Department of Anaesthesiology and Intensive Care, Hospices Civils de Lyon, Hôpital Femme-Mère-Enfant, Lyon, France; University of Lyon, Claude Bernard Lyon 1 University, APCSe VetAgro Sup UPSP 2016.A101, Marcy l'Etoile, Lyon, France.
Department of Anaesthesiology and Intensive Care, Hospices Civils de Lyon, Hôpital Femme-Mère-Enfant, Lyon, France.
Anaesth Crit Care Pain Med. 2021 Oct;40(5):100834. doi: 10.1016/j.accpm.2021.100834. Epub 2021 Mar 19.
The proportion of women with multiple sclerosis experiencing a relapse in the post-partum period after neuraxial labour analgesia or neuraxial anaesthesia remains uncertain. This study aimed to assess the association between neuraxial labour analgesia or neuraxial anaesthesia and the occurrence of relapse during the first three months post-partum.

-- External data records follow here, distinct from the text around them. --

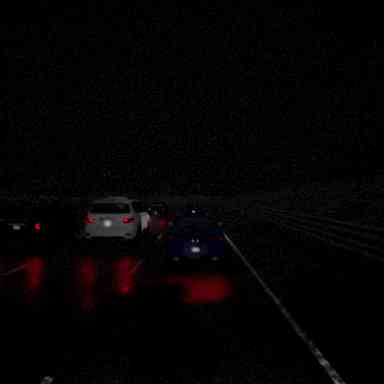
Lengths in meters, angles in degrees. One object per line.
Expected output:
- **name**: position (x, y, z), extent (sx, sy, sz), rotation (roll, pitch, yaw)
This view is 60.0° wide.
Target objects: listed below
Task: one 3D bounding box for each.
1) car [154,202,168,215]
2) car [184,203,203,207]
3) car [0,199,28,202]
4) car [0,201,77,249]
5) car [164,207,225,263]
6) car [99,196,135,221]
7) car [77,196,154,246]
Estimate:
- **car**: position (-3.378, 1.749, 33.005), extent (1.812, 1.442, 4.674), rotation (0, 0, -1)
- **car**: position (0.123, 1.786, 32.643), extent (1.994, 1.385, 4.181), rotation (0, 0, -1)
- **car**: position (-21.187, 1.765, 41.078), extent (2.128, 1.511, 4.902), rotation (0, 0, -1)
- **car**: position (-6.861, 1.446, 15.189), extent (2.097, 1.767, 4.553), rotation (0, 0, 0)
- **car**: position (0.123, 1.553, 12.270), extent (1.882, 1.535, 5.008), rotation (0, 0, 0)
- **car**: position (-6.854, 1.431, 31.074), extent (2.150, 2.045, 5.566), rotation (0, 0, 0)
- **car**: position (-3.359, 1.322, 15.880), extent (2.150, 2.045, 5.566), rotation (0, 0, 0)

In this retrospective cohort study, cases of women with a diagnosis of multiple sclerosis delivering between January 2010 and April 2015 were analysed. Demographic, anaesthetic and obstetric characteristics, occurrence and number of relapses in the year preceding pregnancy, during pregnancy, and the first three post-partum months, were recorded. Logistic regression analyses were performed for the identification of factors associated with the occurrence of post-partum relapse.

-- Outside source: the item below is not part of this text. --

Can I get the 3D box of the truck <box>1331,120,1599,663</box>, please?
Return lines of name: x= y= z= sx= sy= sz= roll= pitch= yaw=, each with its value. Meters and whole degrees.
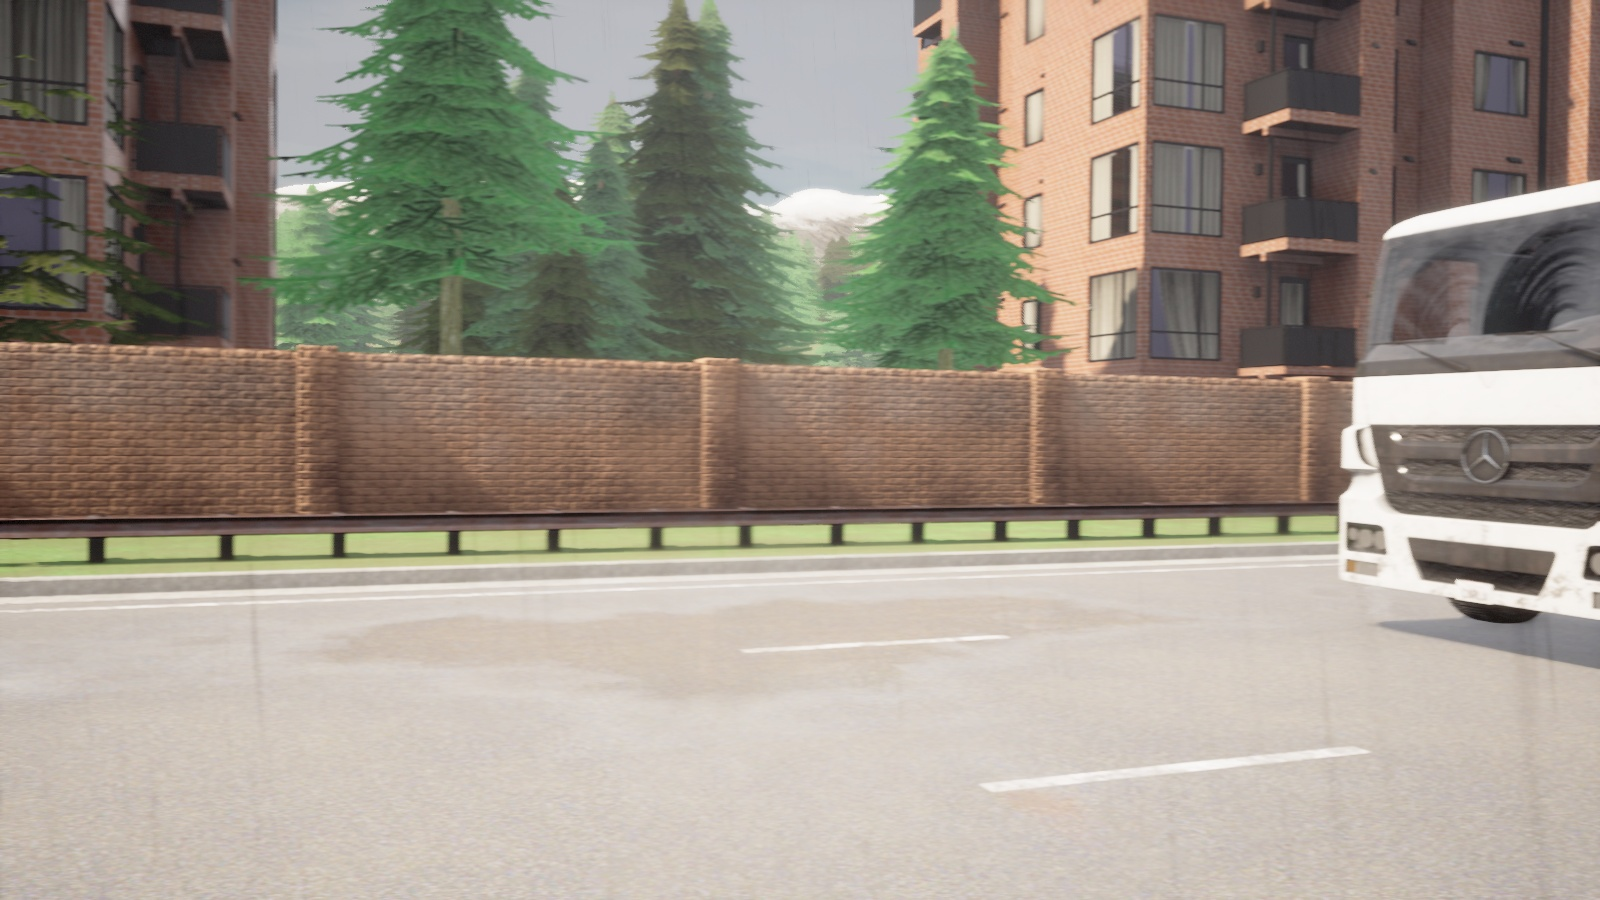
truck: x=8.517 y=-0.442 z=10.204 sx=7.936 sy=3.462 sz=2.891 roll=-1 pitch=1 yaw=-21

A total of 118 deliveries in 104 parturients were included, these were 78 (66%) vaginal deliveries and 40 (34%) caesarean deliveries. Neuraxial analgesia was provided in 50 deliveries, and neuraxial anaesthesia in 46 deliveries; no neuraxial anaesthesia or analgesia was administered in remaining 22 deliveries. Post-partum relapse occurred in 31 women (26%). There was no association between obstetric or anaesthetic characteristics and post-partum relapse. Both the occurrence and number of relapses prior to and during pregnancy, and the time between last relapse and delivery, were significantly associated with post-partum relapse in univariate analysis. The occurrence of relapse within the year preceding the pregnancy was the sole independent factor associated with post-partum relapse.
Neuraxial procedures were not associated with increased rate of post-partum relapse; only disease activity prior to pregnancy was predictive of post-partum relapse.

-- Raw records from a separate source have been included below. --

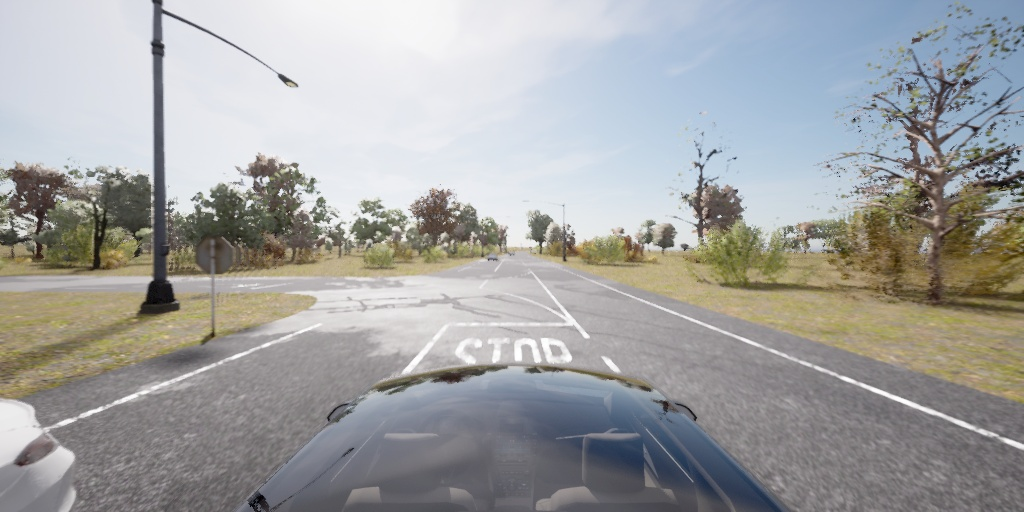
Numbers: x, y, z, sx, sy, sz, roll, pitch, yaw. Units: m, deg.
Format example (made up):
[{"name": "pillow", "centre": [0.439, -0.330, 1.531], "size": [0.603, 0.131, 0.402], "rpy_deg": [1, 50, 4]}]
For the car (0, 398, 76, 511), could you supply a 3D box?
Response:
[{"name": "car", "centre": [-3.509, 1.300, 0.164], "size": [1.812, 1.442, 4.674], "rpy_deg": [0, 1, 0]}]

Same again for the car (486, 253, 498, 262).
[{"name": "car", "centre": [-3.427, 0.279, 63.188], "size": [1.812, 1.442, 4.674], "rpy_deg": [0, 1, 0]}]

接受椎管内分娩镇痛或椎管内麻醉的多发性硬化症女性患者在产后期间复发的比例仍不确定。本研究旨在评估椎管内分娩镇痛或椎管内麻醉与产后 3 个月内复发之间的关联。
在这项回顾性队列研究中,分析了 2010 年 1 月至 2015 年 4 月期间诊断为多发性硬化症的女性分娩病例。记录了人口统计学、麻醉和产科特征、妊娠前 1 年、妊娠期间和产后 3 个月内的复发次数和发生情况。进行逻辑回归分析以确定与产后复发相关的因素。
共纳入了 104 名产妇的 118 次分娩,其中 78 次(66%)为阴道分娩,40 次(34%)为剖宫产。50 次分娩中使用了椎管内镇痛,46 次分娩中使用了椎管内麻醉;22 次分娩未行椎管内麻醉或镇痛。31 名女性(26%)产后复发。产科或麻醉特征与产后复发之间无关联。妊娠前和妊娠期间的复发次数和时间以及最后一次复发与分娩之间的时间均与单变量分析中的产后复发显著相关。妊娠前一年的复发次数是产后复发的唯一独立相关因素。
椎管内操作与产后复发率增加无关;仅妊娠前的疾病活动与产后复发相关。